[[ LISTED ENTRIES open ]]

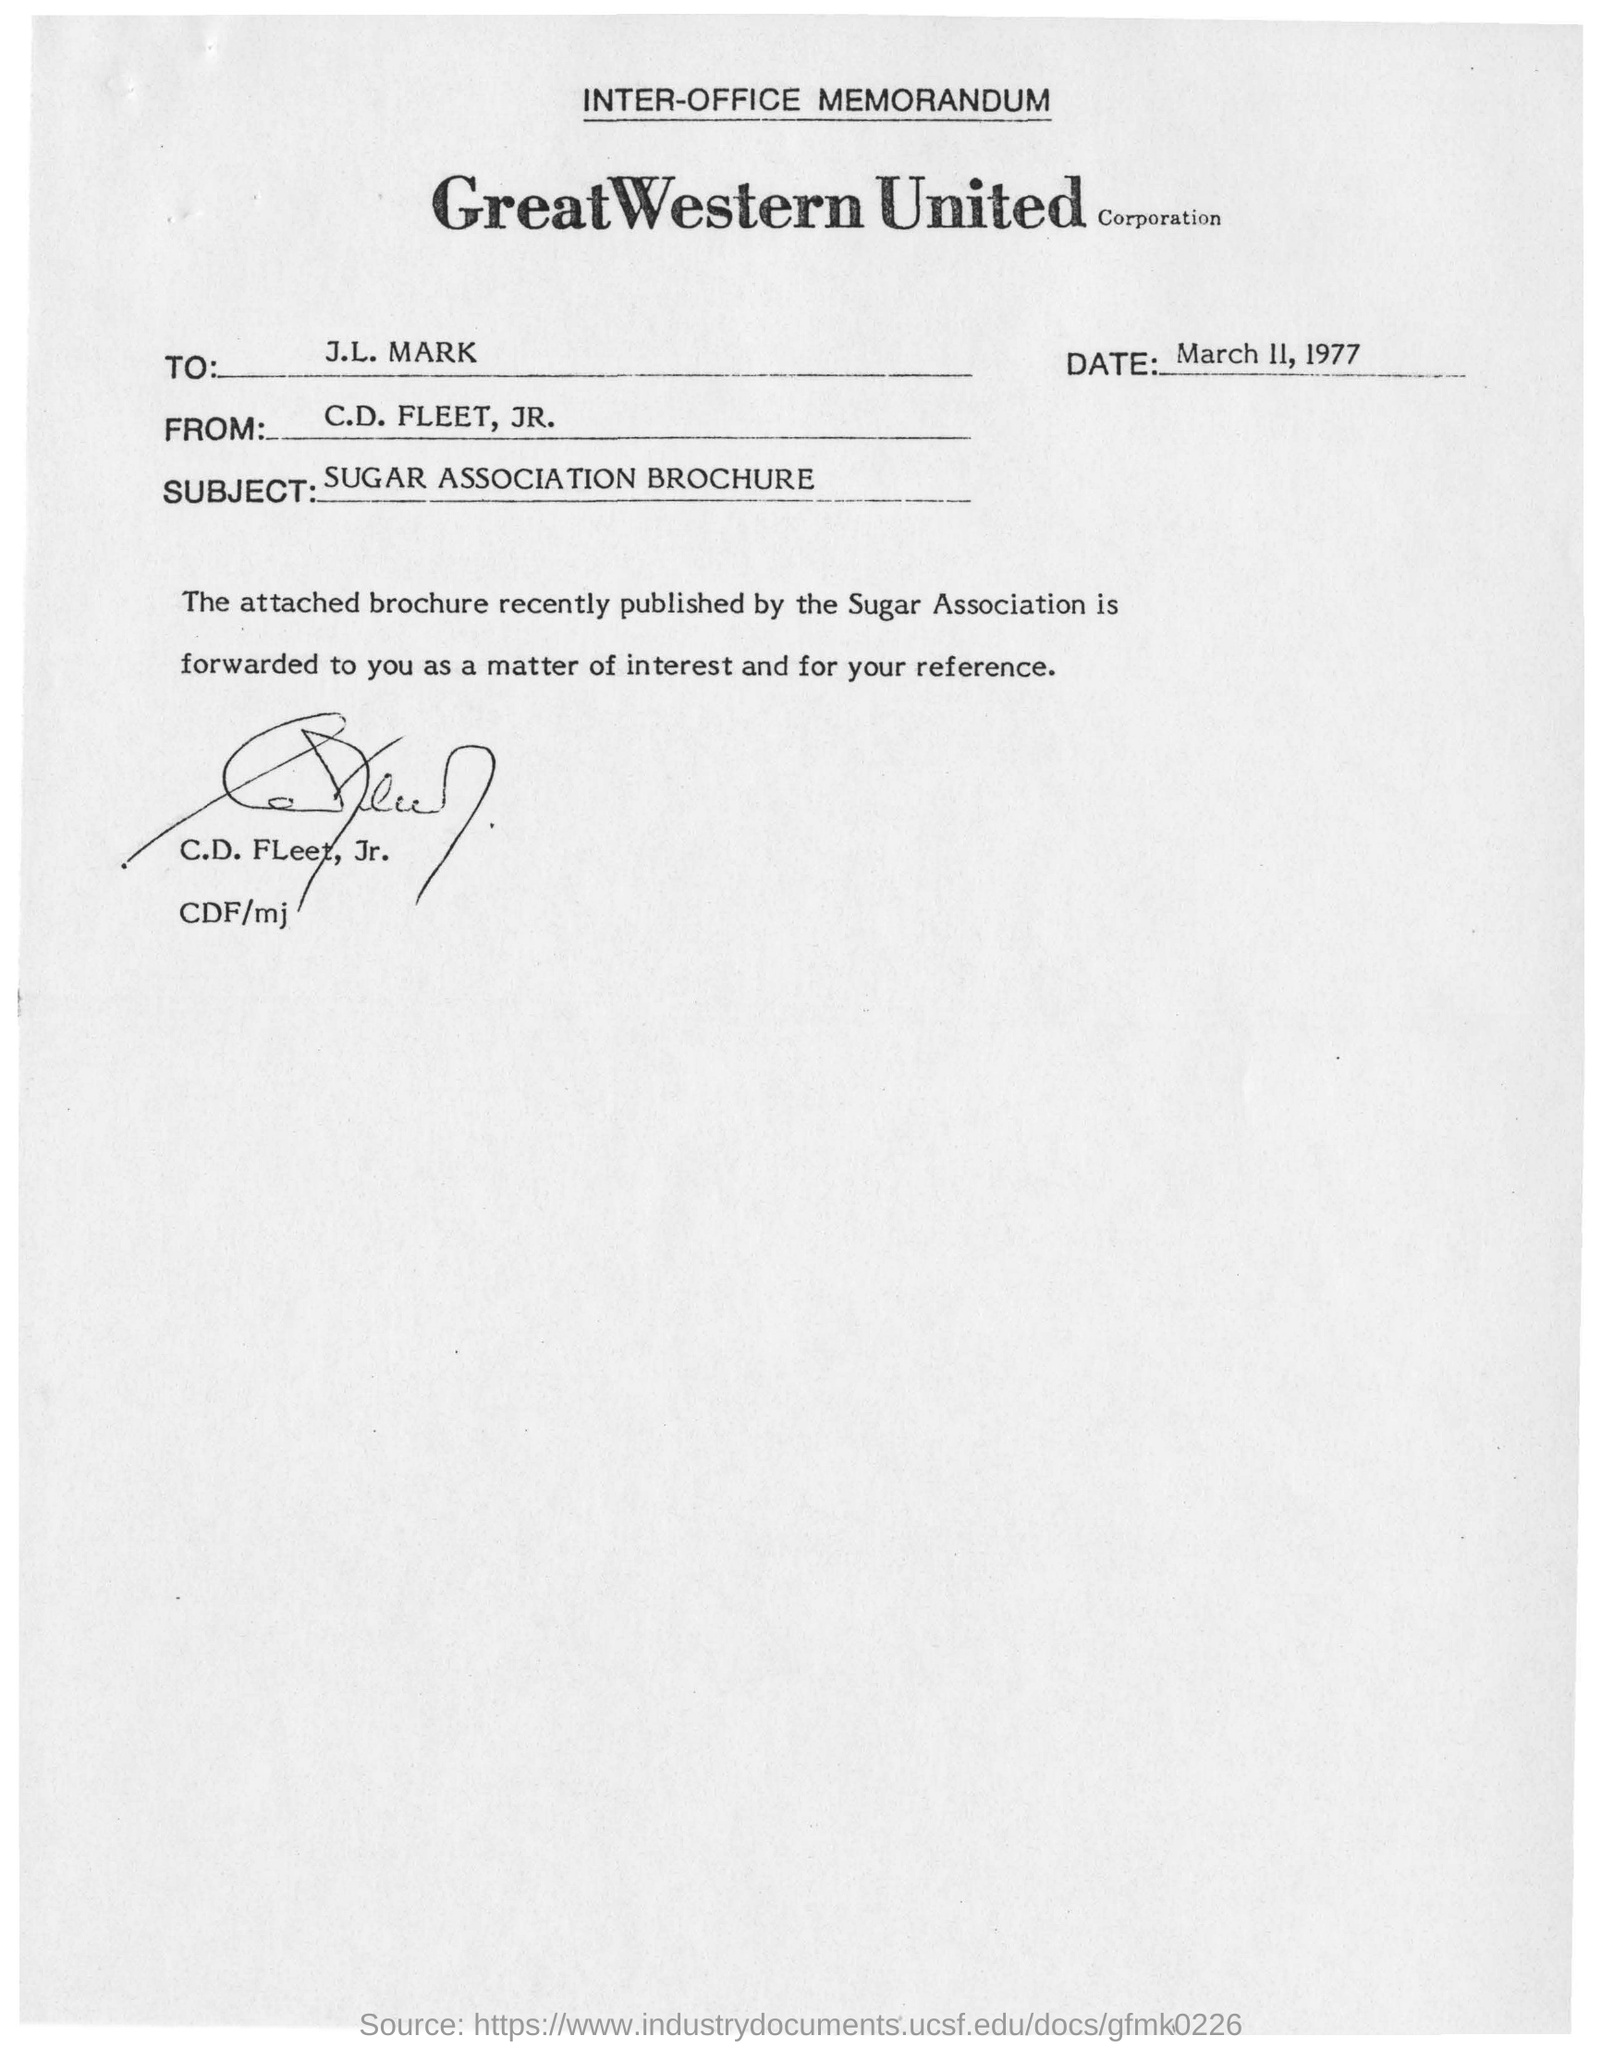Outline some significant characteristics in this image. The subject of the memorandum is the SUGAR ASSOCIATION BROCHURE. This memorandum is addressed to J.L. Mark. The memorandum was dated on March 11, 1977. 
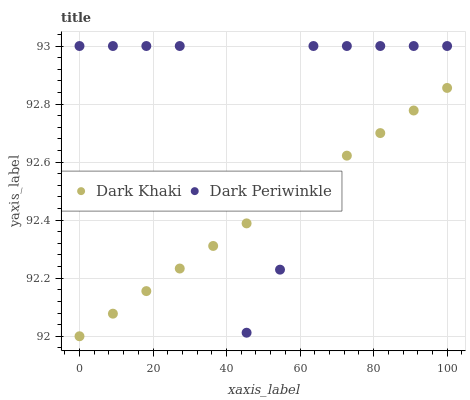Does Dark Khaki have the minimum area under the curve?
Answer yes or no. Yes. Does Dark Periwinkle have the maximum area under the curve?
Answer yes or no. Yes. Does Dark Periwinkle have the minimum area under the curve?
Answer yes or no. No. Is Dark Khaki the smoothest?
Answer yes or no. Yes. Is Dark Periwinkle the roughest?
Answer yes or no. Yes. Is Dark Periwinkle the smoothest?
Answer yes or no. No. Does Dark Khaki have the lowest value?
Answer yes or no. Yes. Does Dark Periwinkle have the lowest value?
Answer yes or no. No. Does Dark Periwinkle have the highest value?
Answer yes or no. Yes. Does Dark Periwinkle intersect Dark Khaki?
Answer yes or no. Yes. Is Dark Periwinkle less than Dark Khaki?
Answer yes or no. No. Is Dark Periwinkle greater than Dark Khaki?
Answer yes or no. No. 
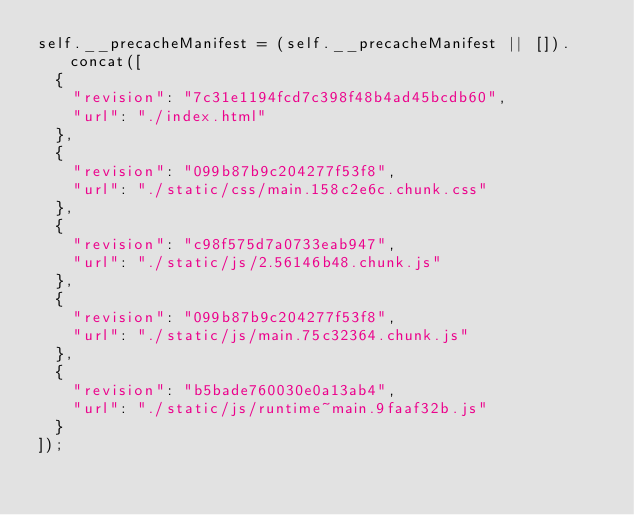Convert code to text. <code><loc_0><loc_0><loc_500><loc_500><_JavaScript_>self.__precacheManifest = (self.__precacheManifest || []).concat([
  {
    "revision": "7c31e1194fcd7c398f48b4ad45bcdb60",
    "url": "./index.html"
  },
  {
    "revision": "099b87b9c204277f53f8",
    "url": "./static/css/main.158c2e6c.chunk.css"
  },
  {
    "revision": "c98f575d7a0733eab947",
    "url": "./static/js/2.56146b48.chunk.js"
  },
  {
    "revision": "099b87b9c204277f53f8",
    "url": "./static/js/main.75c32364.chunk.js"
  },
  {
    "revision": "b5bade760030e0a13ab4",
    "url": "./static/js/runtime~main.9faaf32b.js"
  }
]);</code> 
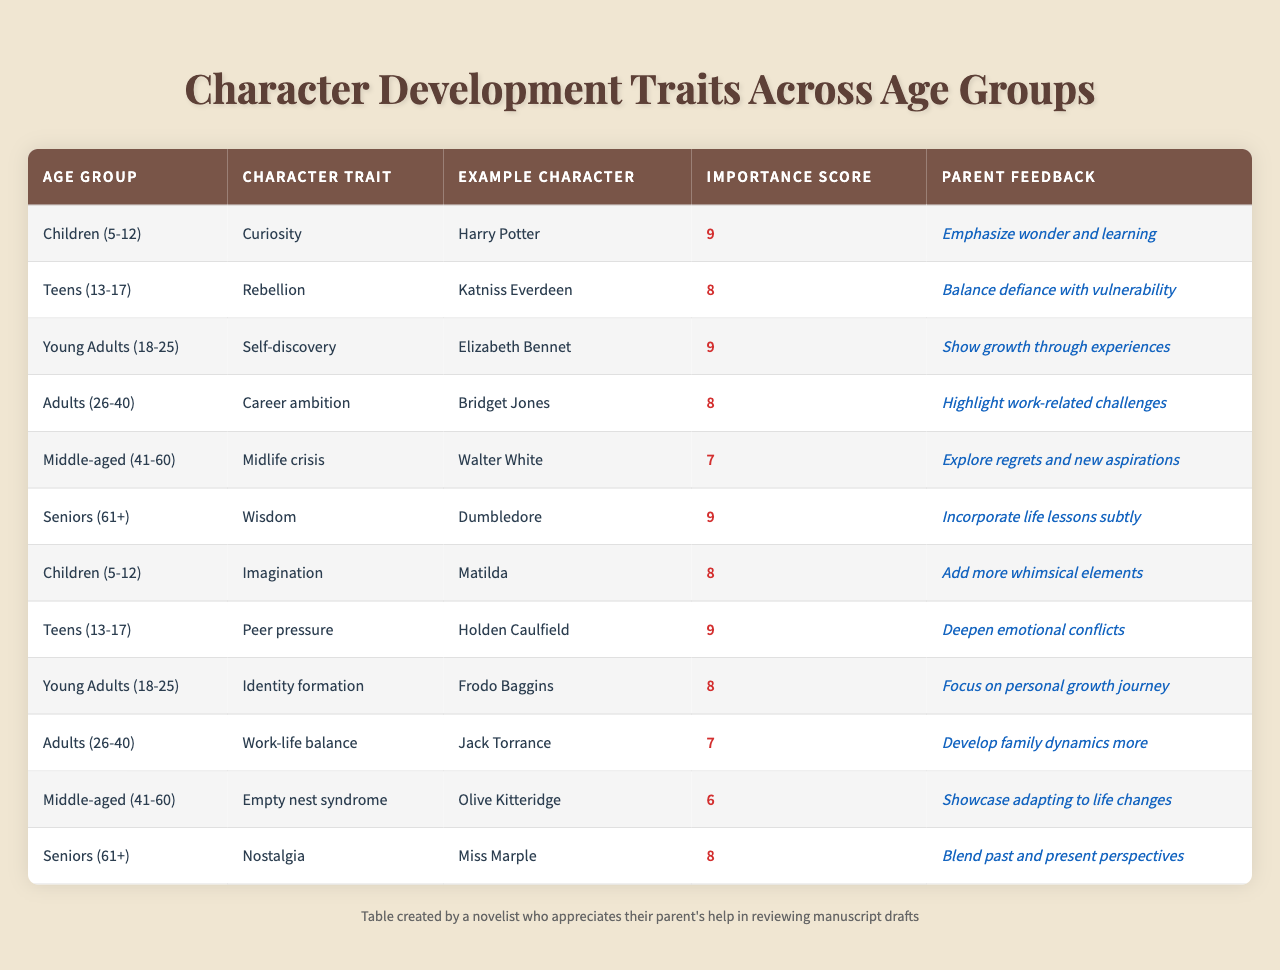What character trait is associated with the age group "Seniors (61+)"? According to the table, the character trait for the age group "Seniors (61+)" is "Wisdom". This is directly listed under the trait column for that age group.
Answer: Wisdom What is the importance score for "Teens (13-17)"? The importance score for the age group "Teens (13-17)" is 9, as indicated in the corresponding row of the table.
Answer: 9 Which example character is associated with the character trait "Self-discovery"? The character trait "Self-discovery" is associated with the example character "Elizabeth Bennet" as per the table's entry for the Young Adults (18-25) group.
Answer: Elizabeth Bennet What is the average importance score for the character traits of "Children (5-12)"? To find the average for "Children (5-12)", we look at the scores: 9 (Curiosity) and 8 (Imagination). The sum is 17, divided by 2 gives an average of 8.5.
Answer: 8.5 Is "Peer pressure" a character trait for any age group in the table? Yes, "Peer pressure" is indeed listed as a character trait for the age group "Teens (13-17)" in the table.
Answer: Yes Which age group has a character trait of "Midlife crisis"? The character trait "Midlife crisis" is associated with the age group "Middle-aged (41-60)", as shown in the table.
Answer: Middle-aged (41-60) What is the difference between the importance scores of "Adults (26-40)" and "Seniors (61+)"? The importance score of "Adults (26-40)" is 8, while for "Seniors (61+)", it is 9. The difference is 9 - 8 = 1.
Answer: 1 What feedback do parents give regarding the character trait of "Nostalgia"? Parents suggest blending past and present perspectives for the character trait "Nostalgia", as stated in the feedback section of the table.
Answer: Blend past and present perspectives Which character is linked to the trait "Career ambition"? The character trait "Career ambition" is linked to the character "Bridget Jones", according to the table's entry for Adults (26-40).
Answer: Bridget Jones List all character traits associated with the age group "Middle-aged (41-60)" and their importance scores. The age group "Middle-aged (41-60)" has two traits listed: "Midlife crisis" with an importance score of 7 and "Empty nest syndrome" with a score of 6. Both traits are found in the respective row of the table.
Answer: Midlife crisis (7), Empty nest syndrome (6) 
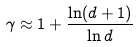<formula> <loc_0><loc_0><loc_500><loc_500>\gamma \approx 1 + \frac { \ln ( d + 1 ) } { \ln d }</formula> 
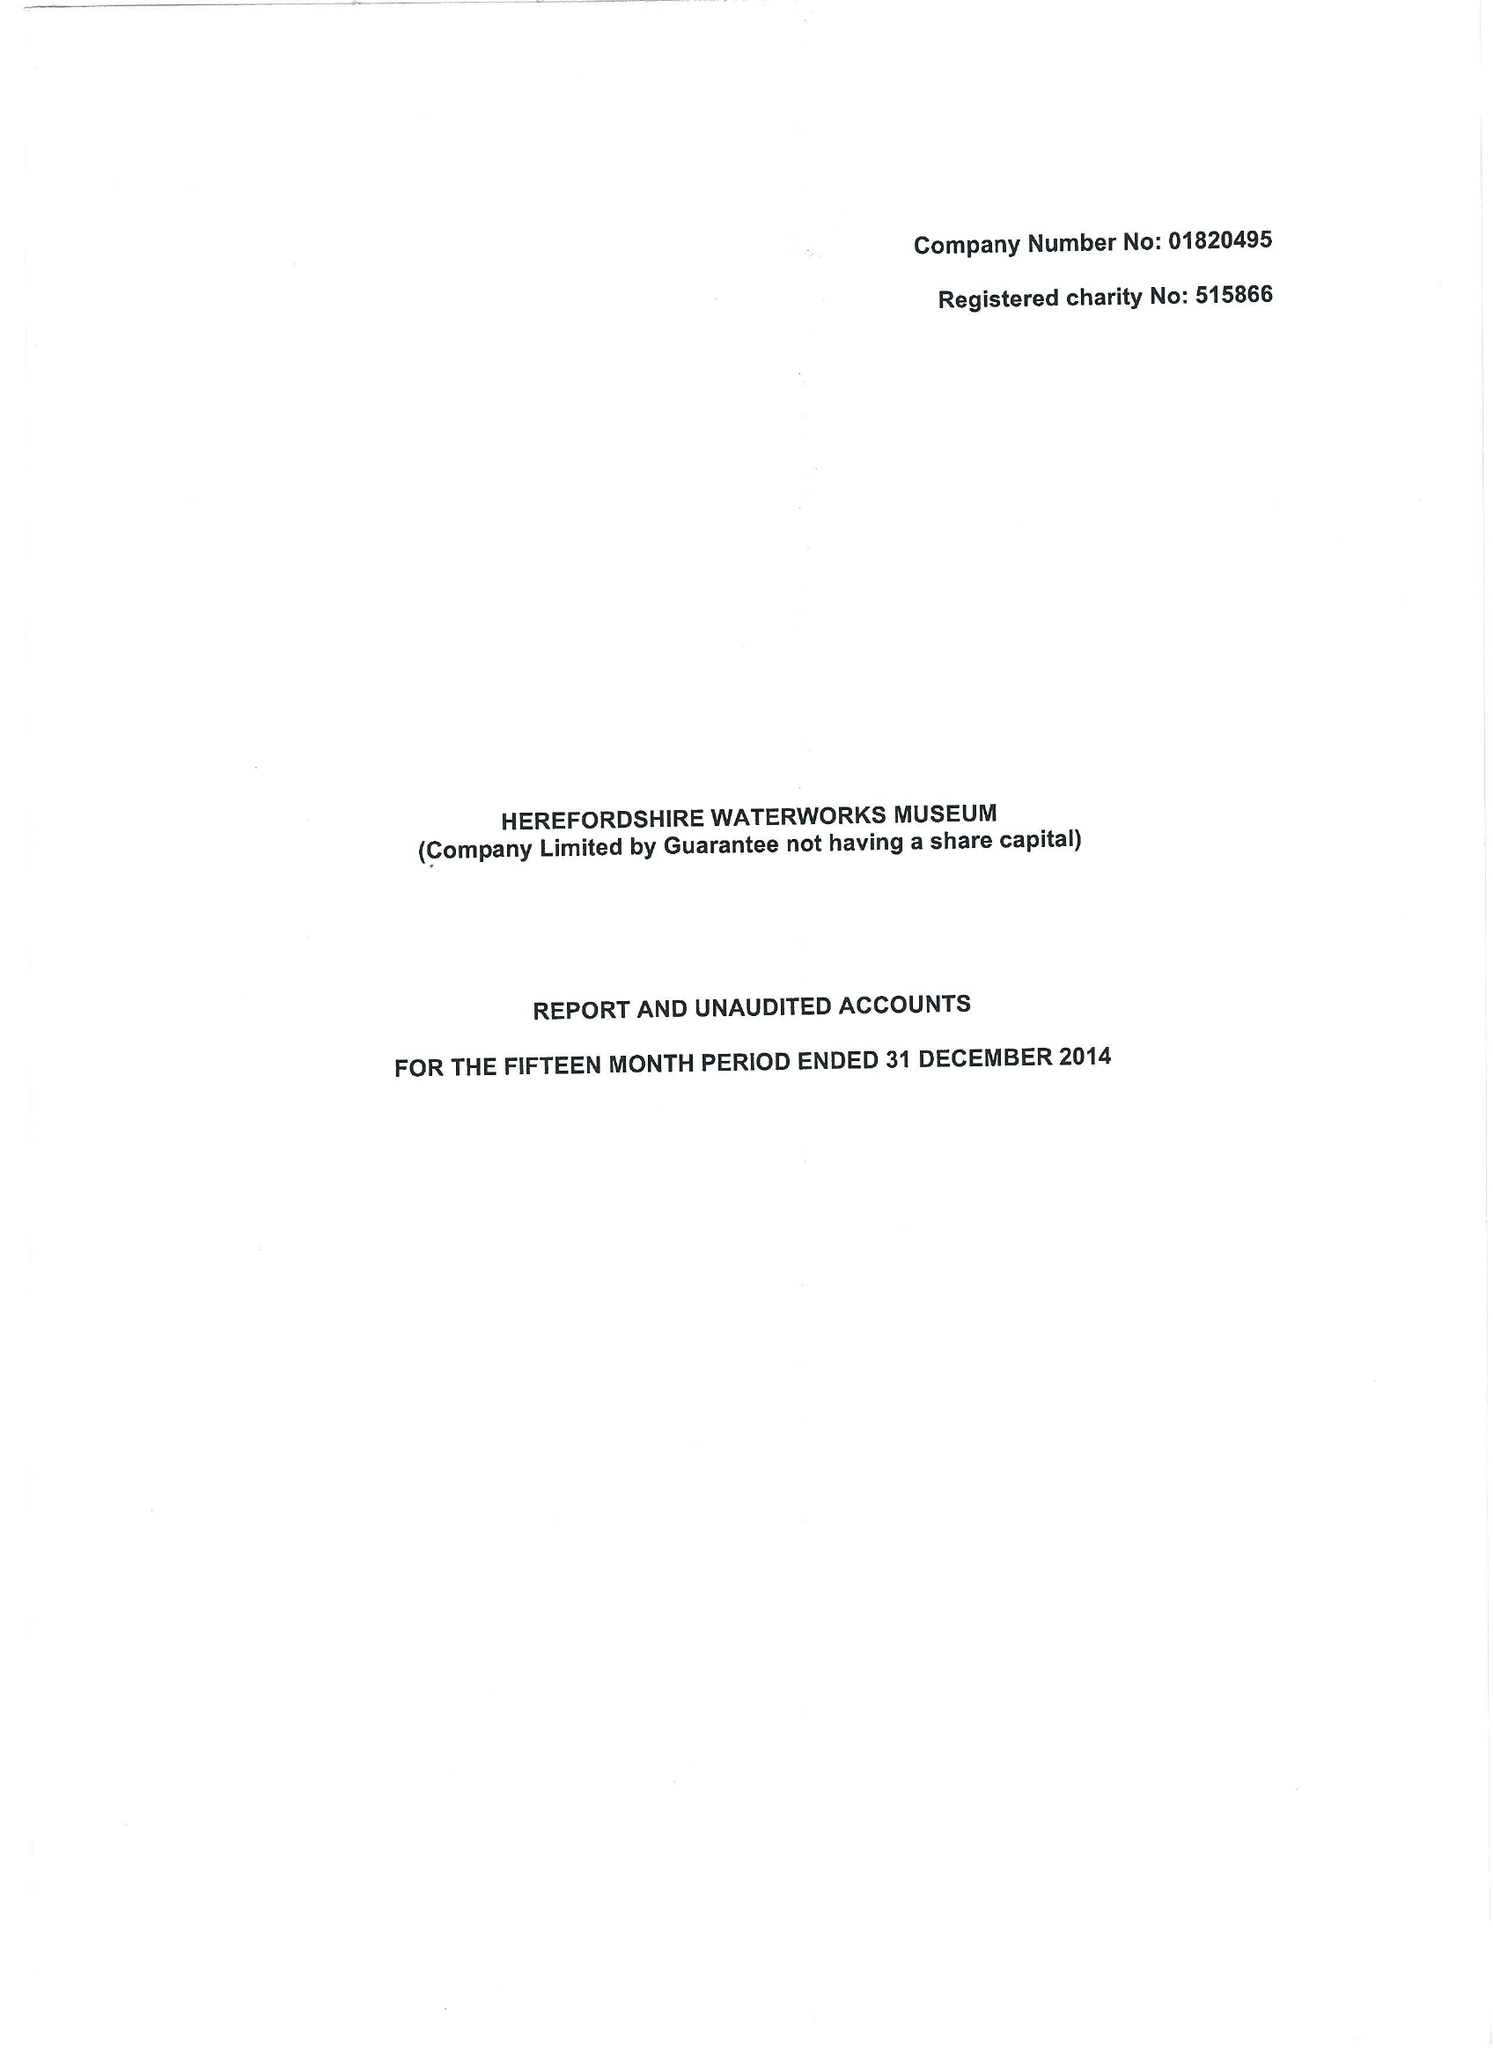What is the value for the income_annually_in_british_pounds?
Answer the question using a single word or phrase. 69765.00

[[ LISTED ENTRIES closed ]]

_EXERCISE_:
Quote the records above exactly, leaving out any pictures.

_SOLUTION TO THIS PROBLEM_:
Outline some significant characteristics in this image. The subject of the memorandum is the SUGAR ASSOCIATION BROCHURE. This memorandum is addressed to J.L. Mark. The memorandum was dated on March 11, 1977. 
Does Dark Khaki have the minimum area under the curve?
Answer yes or no. Yes. Does Dark Periwinkle have the maximum area under the curve?
Answer yes or no. Yes. Does Dark Periwinkle have the minimum area under the curve?
Answer yes or no. No. Is Dark Khaki the smoothest?
Answer yes or no. Yes. Is Dark Periwinkle the roughest?
Answer yes or no. Yes. Is Dark Periwinkle the smoothest?
Answer yes or no. No. Does Dark Khaki have the lowest value?
Answer yes or no. Yes. Does Dark Periwinkle have the lowest value?
Answer yes or no. No. Does Dark Periwinkle have the highest value?
Answer yes or no. Yes. Does Dark Periwinkle intersect Dark Khaki?
Answer yes or no. Yes. Is Dark Periwinkle less than Dark Khaki?
Answer yes or no. No. Is Dark Periwinkle greater than Dark Khaki?
Answer yes or no. No. 
Convert code to text. <code><loc_0><loc_0><loc_500><loc_500><_JavaScript_>self.__precacheManifest = (self.__precacheManifest || []).concat([
  {
    "revision": "7c31e1194fcd7c398f48b4ad45bcdb60",
    "url": "./index.html"
  },
  {
    "revision": "099b87b9c204277f53f8",
    "url": "./static/css/main.158c2e6c.chunk.css"
  },
  {
    "revision": "c98f575d7a0733eab947",
    "url": "./static/js/2.56146b48.chunk.js"
  },
  {
    "revision": "099b87b9c204277f53f8",
    "url": "./static/js/main.75c32364.chunk.js"
  },
  {
    "revision": "b5bade760030e0a13ab4",
    "url": "./static/js/runtime~main.9faaf32b.js"
  }
]);</code> 
What character trait is associated with the age group "Seniors (61+)"? According to the table, the character trait for the age group "Seniors (61+)" is "Wisdom". This is directly listed under the trait column for that age group.
Answer: Wisdom What is the importance score for "Teens (13-17)"? The importance score for the age group "Teens (13-17)" is 9, as indicated in the corresponding row of the table.
Answer: 9 Which example character is associated with the character trait "Self-discovery"? The character trait "Self-discovery" is associated with the example character "Elizabeth Bennet" as per the table's entry for the Young Adults (18-25) group.
Answer: Elizabeth Bennet What is the average importance score for the character traits of "Children (5-12)"? To find the average for "Children (5-12)", we look at the scores: 9 (Curiosity) and 8 (Imagination). The sum is 17, divided by 2 gives an average of 8.5.
Answer: 8.5 Is "Peer pressure" a character trait for any age group in the table? Yes, "Peer pressure" is indeed listed as a character trait for the age group "Teens (13-17)" in the table.
Answer: Yes Which age group has a character trait of "Midlife crisis"? The character trait "Midlife crisis" is associated with the age group "Middle-aged (41-60)", as shown in the table.
Answer: Middle-aged (41-60) What is the difference between the importance scores of "Adults (26-40)" and "Seniors (61+)"? The importance score of "Adults (26-40)" is 8, while for "Seniors (61+)", it is 9. The difference is 9 - 8 = 1.
Answer: 1 What feedback do parents give regarding the character trait of "Nostalgia"? Parents suggest blending past and present perspectives for the character trait "Nostalgia", as stated in the feedback section of the table.
Answer: Blend past and present perspectives Which character is linked to the trait "Career ambition"? The character trait "Career ambition" is linked to the character "Bridget Jones", according to the table's entry for Adults (26-40).
Answer: Bridget Jones List all character traits associated with the age group "Middle-aged (41-60)" and their importance scores. The age group "Middle-aged (41-60)" has two traits listed: "Midlife crisis" with an importance score of 7 and "Empty nest syndrome" with a score of 6. Both traits are found in the respective row of the table.
Answer: Midlife crisis (7), Empty nest syndrome (6) 
<formula> <loc_0><loc_0><loc_500><loc_500>\gamma \approx 1 + \frac { \ln ( d + 1 ) } { \ln d }</formula> 
What is the value for the income_annually_in_british_pounds?
Answer the question using a single word or phrase. 69765.00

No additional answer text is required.